When growing a garden, you first must select the seeds for which type of plants you would like to grow. Each plant seed requires a different level of effort to ensure the desired outcome. Think of selecting your seeds as selecting your level of advocacy and its required amount of involvement. Are you someone just starting out in advocacy? You can start by joining Amputee Coalition’s quarterly all advocate calls, which are open to the public. Are you someone who would like to devote more time to advocacy? You can complete online training to become a lead advocate by visiting www.amputee-coalition.org/LeadAdvocateTraining. Lead advocates are volunteers who have completed training to build advocacy skills on issues impacting the limb loss and limb difference community. They are committed to developing relationships with their elected officials on behalf of our community as an Amputee Coalition volunteer. Are you someone who desires to advance your advocacy skills to the next level? You can also become a regional ambassador, a seasoned advocate who is looking to mentor new lead advocates and take on a leadership position.

Step 2: Planting your Seeds

After selecting your seeds, the next step is to plant them into the ground. Consider planting seeds as completing tangible steps to begin your advocacy journey. You could begin with completing an action alert by visiting www.votervoice.net/Amputee/campaigns/93803/respond. Action alerts are ways to share your story with the world and your lawmakers. Contact Amputee Coalition’s Government Relations Team to ask questions and learn more about policy issues impacting the limb loss and limb difference community at advocacy@amputee-coalition.org. We would be happy to connect you with other lead advocates and your regional ambassador.

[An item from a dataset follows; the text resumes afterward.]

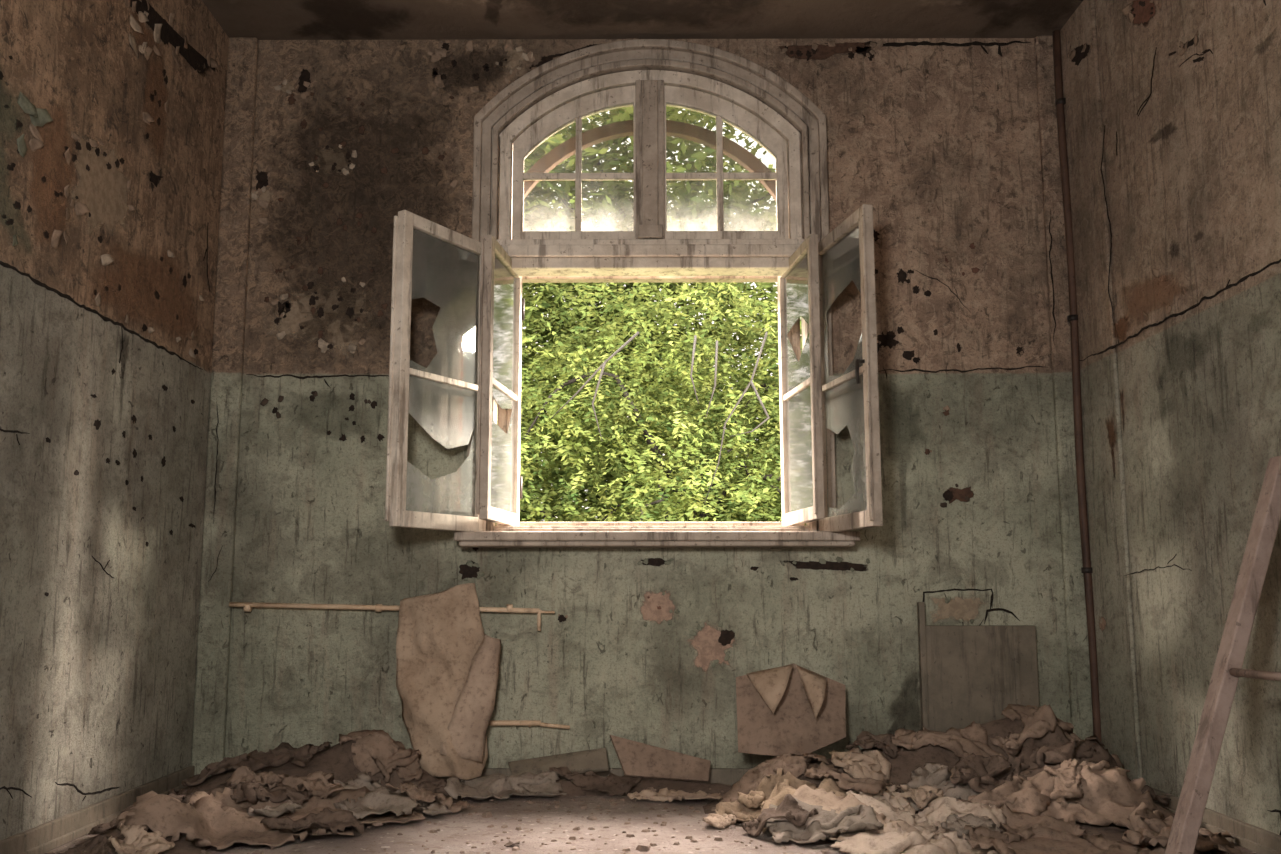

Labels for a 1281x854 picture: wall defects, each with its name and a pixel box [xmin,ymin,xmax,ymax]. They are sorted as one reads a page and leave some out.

Step 3: Nurturing your Garden

To have a successful garden, you must nurture it and water the plants so they can grow. Similarly, to become a successful advocate, you must take time to practice your advocacy skills. This could mean reaching out to your elected officials with an email, a phone call or an in-person visit, particularly during a congressional recess. Connecting with your lawmakers when they are back home in their districts and state helps to build and strengthen your relationship with them as their constituent.

Liberty Hyde Bailey, an American horticulturist and botanist who co-founded the American Society for Horticultural Science, once said, “A garden requires patient labor and attention. Plants do not grow merely to satisfy ambitions or to fulfill good intentions. They thrive because someone expended effort on them.” Likewise, the garden of advocacy requires the willingness to plant and nurture skills that can lead to becoming an effective advocate.

During Amputee Coalition’s 2022 National Conference, attendees will experience a variety of workshops highlighting ways to develop self‑advocacy skills and to get involved with national initiatives for advocating and advancing policies that support the limb loss and limb difference community.